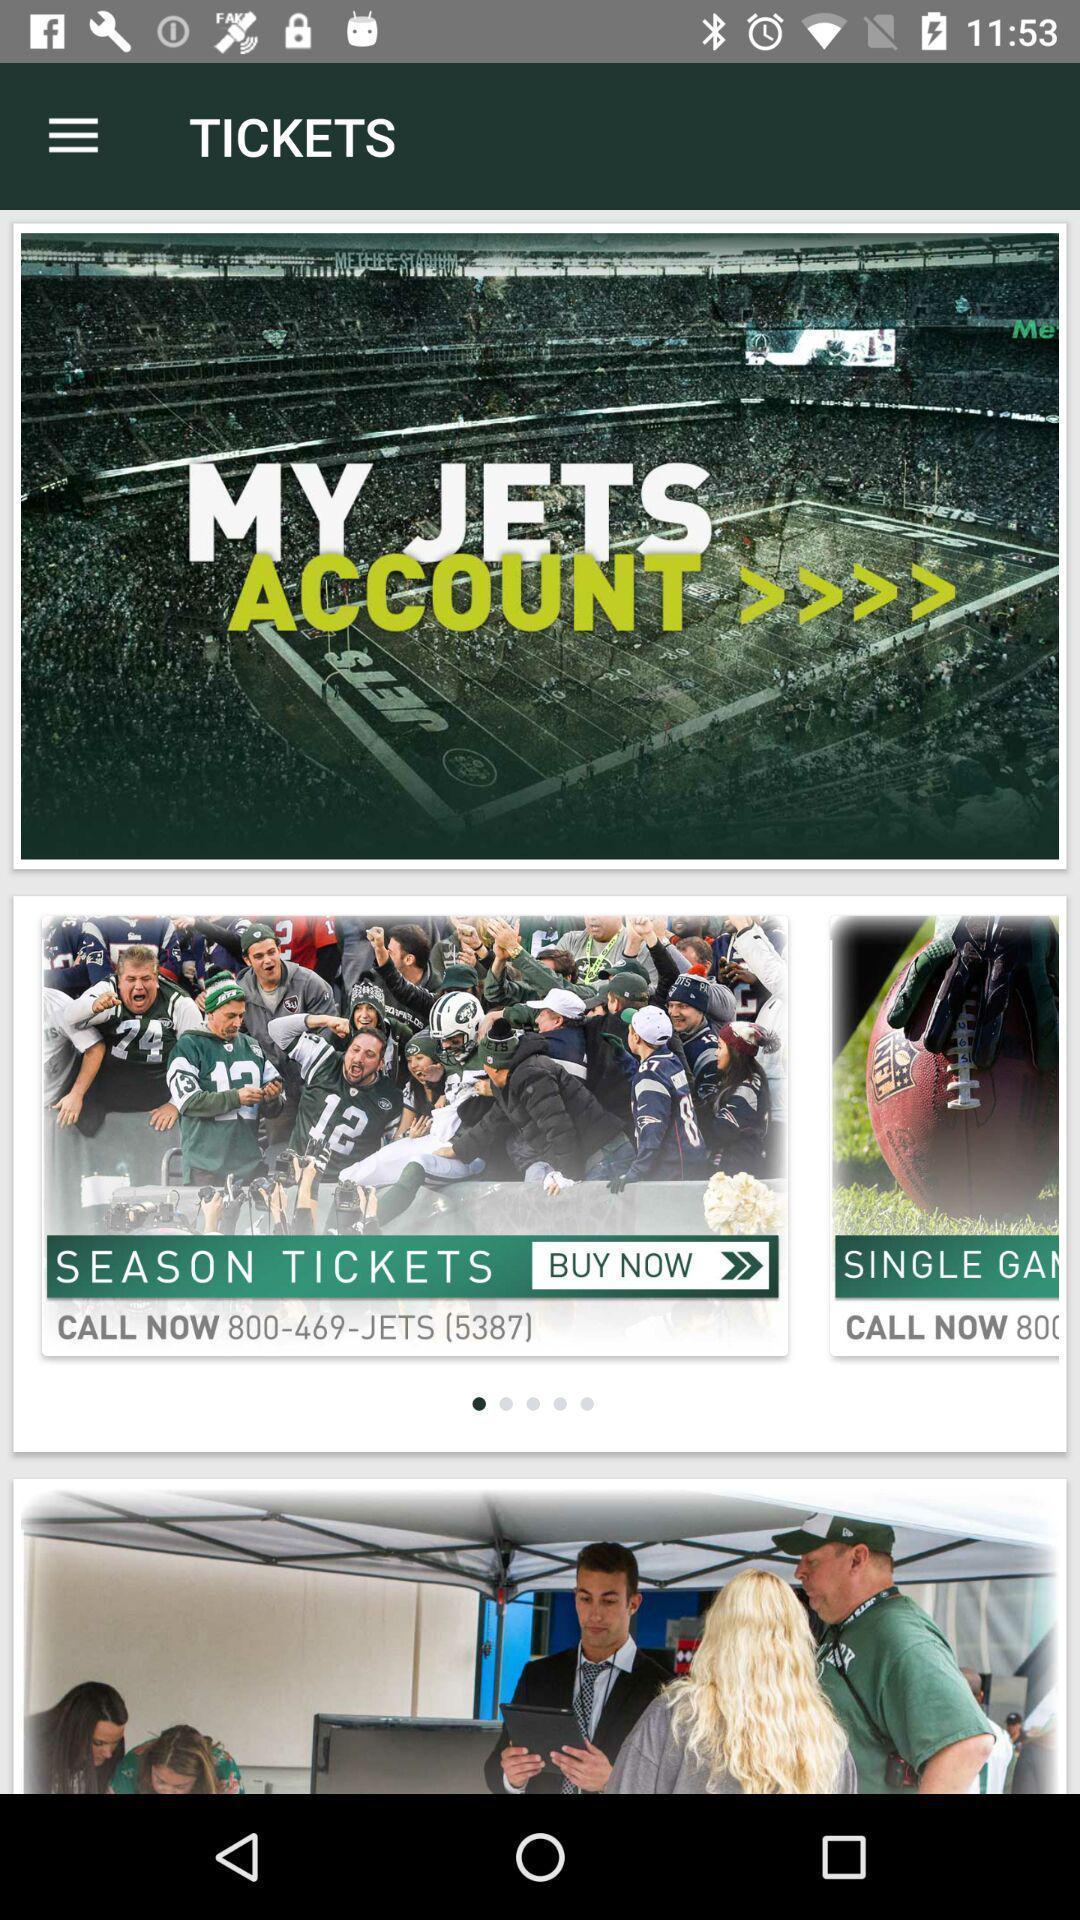What details can you identify in this image? Season tickets in the tickets of the app. 
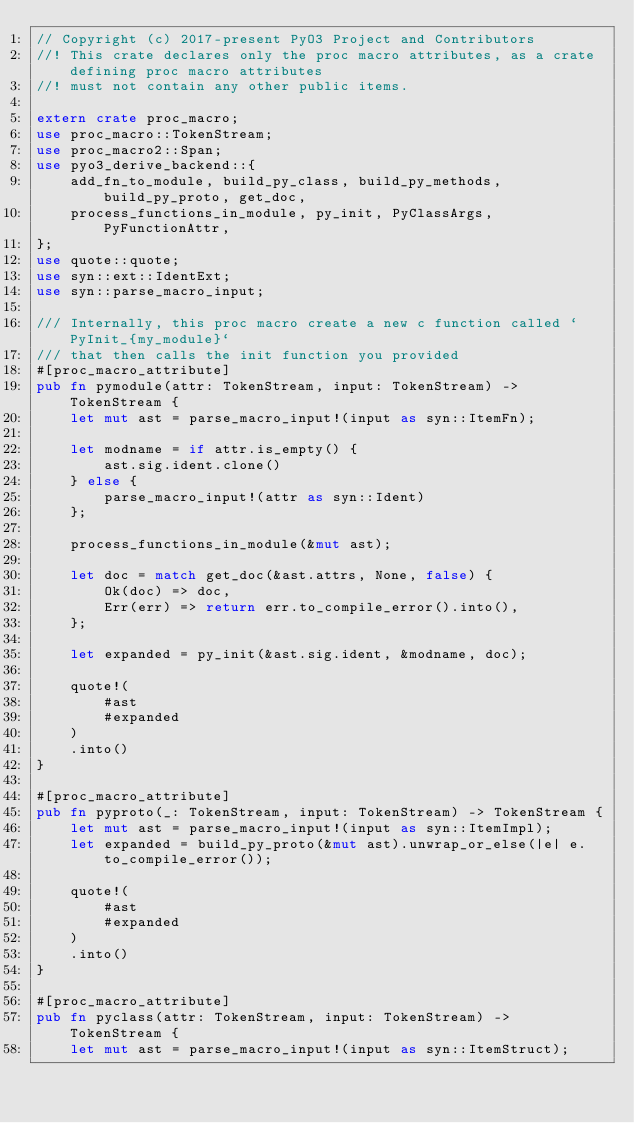Convert code to text. <code><loc_0><loc_0><loc_500><loc_500><_Rust_>// Copyright (c) 2017-present PyO3 Project and Contributors
//! This crate declares only the proc macro attributes, as a crate defining proc macro attributes
//! must not contain any other public items.

extern crate proc_macro;
use proc_macro::TokenStream;
use proc_macro2::Span;
use pyo3_derive_backend::{
    add_fn_to_module, build_py_class, build_py_methods, build_py_proto, get_doc,
    process_functions_in_module, py_init, PyClassArgs, PyFunctionAttr,
};
use quote::quote;
use syn::ext::IdentExt;
use syn::parse_macro_input;

/// Internally, this proc macro create a new c function called `PyInit_{my_module}`
/// that then calls the init function you provided
#[proc_macro_attribute]
pub fn pymodule(attr: TokenStream, input: TokenStream) -> TokenStream {
    let mut ast = parse_macro_input!(input as syn::ItemFn);

    let modname = if attr.is_empty() {
        ast.sig.ident.clone()
    } else {
        parse_macro_input!(attr as syn::Ident)
    };

    process_functions_in_module(&mut ast);

    let doc = match get_doc(&ast.attrs, None, false) {
        Ok(doc) => doc,
        Err(err) => return err.to_compile_error().into(),
    };

    let expanded = py_init(&ast.sig.ident, &modname, doc);

    quote!(
        #ast
        #expanded
    )
    .into()
}

#[proc_macro_attribute]
pub fn pyproto(_: TokenStream, input: TokenStream) -> TokenStream {
    let mut ast = parse_macro_input!(input as syn::ItemImpl);
    let expanded = build_py_proto(&mut ast).unwrap_or_else(|e| e.to_compile_error());

    quote!(
        #ast
        #expanded
    )
    .into()
}

#[proc_macro_attribute]
pub fn pyclass(attr: TokenStream, input: TokenStream) -> TokenStream {
    let mut ast = parse_macro_input!(input as syn::ItemStruct);</code> 
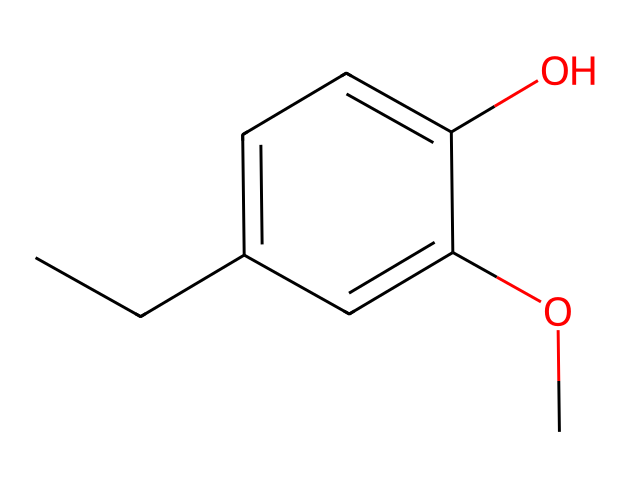What type of chemical is eugenol? Based on the SMILES representation and structure, eugenol is classified as a phenol because it contains a hydroxyl group (-OH) attached to an aromatic ring.
Answer: phenol How many carbon atoms are in eugenol? By analyzing the SMILES structure, there are a total of 10 carbon atoms present in the chemical composition of eugenol.
Answer: 10 What functional groups are present in eugenol? The SMILES representation shows both a hydroxyl group (-OH) and a methoxy group (-OCH3), which are the functional groups present in eugenol.
Answer: hydroxyl and methoxy What is the molecular formula of eugenol? By counting the atoms from the SMILES structure, the molecular formula deduced from the analysis is C10H12O3.
Answer: C10H12O3 What kind of interaction does the hydroxyl group in eugenol promote? The hydroxyl group in phenols, like in eugenol, promotes hydrogen bonding due to its ability to donate a hydrogen atom to nearby electronegative atoms, commonly seen in water solubility contexts.
Answer: hydrogen bonding Which property of eugenol contributes to its use in dentistry? The phenolic structure of eugenol allows it to exhibit antimicrobial properties, which is a significant factor in its use for dental applications.
Answer: antimicrobial properties 
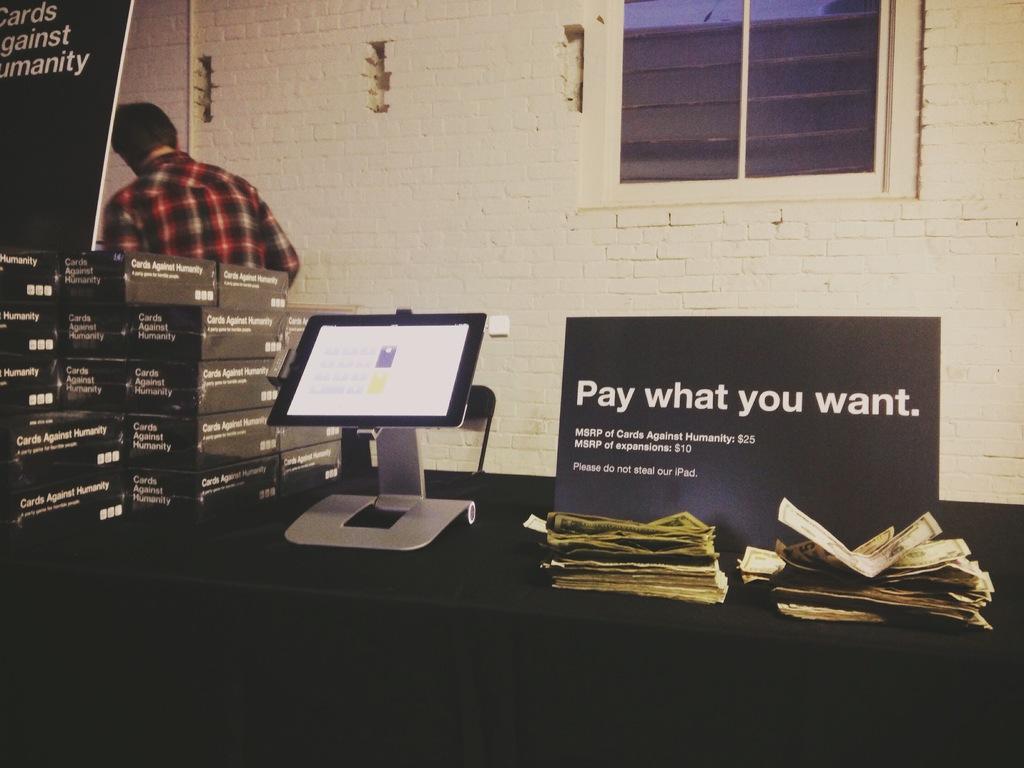Can you describe this image briefly? In this picture we can see a table in the front, there are some boxes, aboard, a tab and currency present on the table, in the background there is a wall, we can see a person on the left side, there is a window here.
◆ ◆ ◆
§ **What the task requires**:
The full listing above, duplicated exactly and without its pictures, is the answer.

§ **Reply**:
What details can you identify in this image? Season tickets in the tickets of the app. 
Convert code to text. <code><loc_0><loc_0><loc_500><loc_500><_Rust_>// Copyright (c) 2017-present PyO3 Project and Contributors
//! This crate declares only the proc macro attributes, as a crate defining proc macro attributes
//! must not contain any other public items.

extern crate proc_macro;
use proc_macro::TokenStream;
use proc_macro2::Span;
use pyo3_derive_backend::{
    add_fn_to_module, build_py_class, build_py_methods, build_py_proto, get_doc,
    process_functions_in_module, py_init, PyClassArgs, PyFunctionAttr,
};
use quote::quote;
use syn::ext::IdentExt;
use syn::parse_macro_input;

/// Internally, this proc macro create a new c function called `PyInit_{my_module}`
/// that then calls the init function you provided
#[proc_macro_attribute]
pub fn pymodule(attr: TokenStream, input: TokenStream) -> TokenStream {
    let mut ast = parse_macro_input!(input as syn::ItemFn);

    let modname = if attr.is_empty() {
        ast.sig.ident.clone()
    } else {
        parse_macro_input!(attr as syn::Ident)
    };

    process_functions_in_module(&mut ast);

    let doc = match get_doc(&ast.attrs, None, false) {
        Ok(doc) => doc,
        Err(err) => return err.to_compile_error().into(),
    };

    let expanded = py_init(&ast.sig.ident, &modname, doc);

    quote!(
        #ast
        #expanded
    )
    .into()
}

#[proc_macro_attribute]
pub fn pyproto(_: TokenStream, input: TokenStream) -> TokenStream {
    let mut ast = parse_macro_input!(input as syn::ItemImpl);
    let expanded = build_py_proto(&mut ast).unwrap_or_else(|e| e.to_compile_error());

    quote!(
        #ast
        #expanded
    )
    .into()
}

#[proc_macro_attribute]
pub fn pyclass(attr: TokenStream, input: TokenStream) -> TokenStream {
    let mut ast = parse_macro_input!(input as syn::ItemStruct);</code> 
What type of chemical is eugenol? Based on the SMILES representation and structure, eugenol is classified as a phenol because it contains a hydroxyl group (-OH) attached to an aromatic ring.
Answer: phenol How many carbon atoms are in eugenol? By analyzing the SMILES structure, there are a total of 10 carbon atoms present in the chemical composition of eugenol.
Answer: 10 What functional groups are present in eugenol? The SMILES representation shows both a hydroxyl group (-OH) and a methoxy group (-OCH3), which are the functional groups present in eugenol.
Answer: hydroxyl and methoxy What is the molecular formula of eugenol? By counting the atoms from the SMILES structure, the molecular formula deduced from the analysis is C10H12O3.
Answer: C10H12O3 What kind of interaction does the hydroxyl group in eugenol promote? The hydroxyl group in phenols, like in eugenol, promotes hydrogen bonding due to its ability to donate a hydrogen atom to nearby electronegative atoms, commonly seen in water solubility contexts.
Answer: hydrogen bonding Which property of eugenol contributes to its use in dentistry? The phenolic structure of eugenol allows it to exhibit antimicrobial properties, which is a significant factor in its use for dental applications.
Answer: antimicrobial properties 
Can you describe this image briefly? In this picture we can see a table in the front, there are some boxes, aboard, a tab and currency present on the table, in the background there is a wall, we can see a person on the left side, there is a window here.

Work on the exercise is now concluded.